The San Diego Center for Algal Biotechnology has experience in growing algae for biofuel. But when the center took over a field laboratory in the Imperial Valley of California and expanded its algae growth operations to 1.6-km (1-ac) ponds, it encountered an obstacle — how to harvest algae from such a large area, according to Jim McMahon of Zebra Communications (Simi Valley, Calif.).
Researchers tried several unsuccessful methods to harvest the algae from the ponds before finding the World Water Works (Oklahoma City) Algae Harvesting Technology Optimized dissolved-air flotation system. Pond water is pumped into the system, which separates algae from water.
As air is dissolved into water, microbubbles form. The bubbles interact with algae particles, attaching to the biomass surface and causing them to float to the surface. They then are skimmed off the surface into a sieved Thickening BeachTM that thickens algae particles and enables free water to be drained, according McMahon. Clean water is continuously removed from the system and piped back into the ponds.
Using the system, researchers were able to continually harvest algae from the ponds and add fertilizer to maintain a steady rate of algae production. The system processes up to 34,063 L/min (9000 gal/min) of algae-laden water at a 95% capture rate, yielding up to 20% algae concentrations, according to McMahon.
For more information see www.algae.ucsd.edu
Images of snowflakes in free fall reveal crystallized complexity
Snowflakes are unique, but most are not perfectly symmetric as is commonly believed, according to University of Utah (Salt Lake City) researchers.
The researchers developed a high-speed camera system that has been photographing three-dimensional images of snowflakes for the past two winters, according to a university news release. Unlike other research, the device used in this study captures images of snowflakes as they fall, untouched by anything, the news release says.
The device and supporting research can help improve computer simulations of falling snow and determine how snow interacts with radar. Snow often degrades microwave radar and communications, so the researchers want to determine how this occurs to help improve radar for weather and snowpack forecasting, the news release says.
“Our instrument is taking the first automated, high-resolution photographs of the complexity of snowflakes while measuring how fast they fall, and is collecting vast amounts of data that can be used to come up with more accurate and more representative characterizations of snow in clouds,” said Tim Garrett, associate professor of atmospheric sciences at the university, in the release.
Snowflakes often vary in size and composition.
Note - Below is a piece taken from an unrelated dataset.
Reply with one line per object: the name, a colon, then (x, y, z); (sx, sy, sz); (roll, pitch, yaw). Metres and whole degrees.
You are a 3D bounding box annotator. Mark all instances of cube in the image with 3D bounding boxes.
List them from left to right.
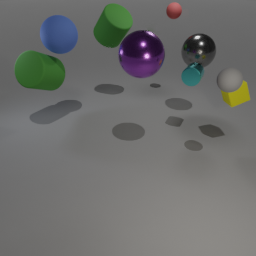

Flakes undergo such events as “riming,” in which water collides with and freezes on the surface, making it into an ice pellet known as a “graupel,” and collides with neighbors to become aggregate flakes.
The researchers want to learn how the sizes and shapes of snow particles relate to how fast they fall; this is important because the life of a storm and where exactly snow falls depends on how fast snow precipitates, the news release says.
The researchers are using automatic image-analysis software to characterize snowflakes by shape, complexity, size, and mass. They also are using radar to measure the precipitation structure in the air column and correlating this with the snowflake data.
The device includes three industrial-grade, high-speed cameras and two sets of two motion sensors to measure the speed of falling snowflakes.
NASA and the U.S. Army helped fund development of the camera, and the U.S. National Science Foundation funded the observations, the news release says.
Plastic pollution travels to the Great Lakes
The Great Lakes face yet another problem: plastic pollution. Floating plastic debris, often unnoticed because of its small size, has made its way into the lakes, according to an American Chemical Society (ACS; Washington, D.C.) news release.
A research team led by Lorena M. Rios-Mendoza, a University of Wisconsin–Superior assistant professor, has been analyzing samples and contents of fish stomachs from the Great Lakes. Rios-Mendoza presented the team’s findings at the 245th National Meeting and Exposition of the ACS.
The team found that 85% of plastic particles were smaller than 5.1 mm (0.2 in.), with much of it being microscopic. And between 1500 and 1.7 million particles were found per 2.59 km2 (1 mi2), the news release says.
Researchers also collected samples from the southern Atlantic Ocean and found that the Great Lakes had 24% more microparticles than the ocean.
Fish often mistake these particles for food, the news release says. Researchers received funding from the university.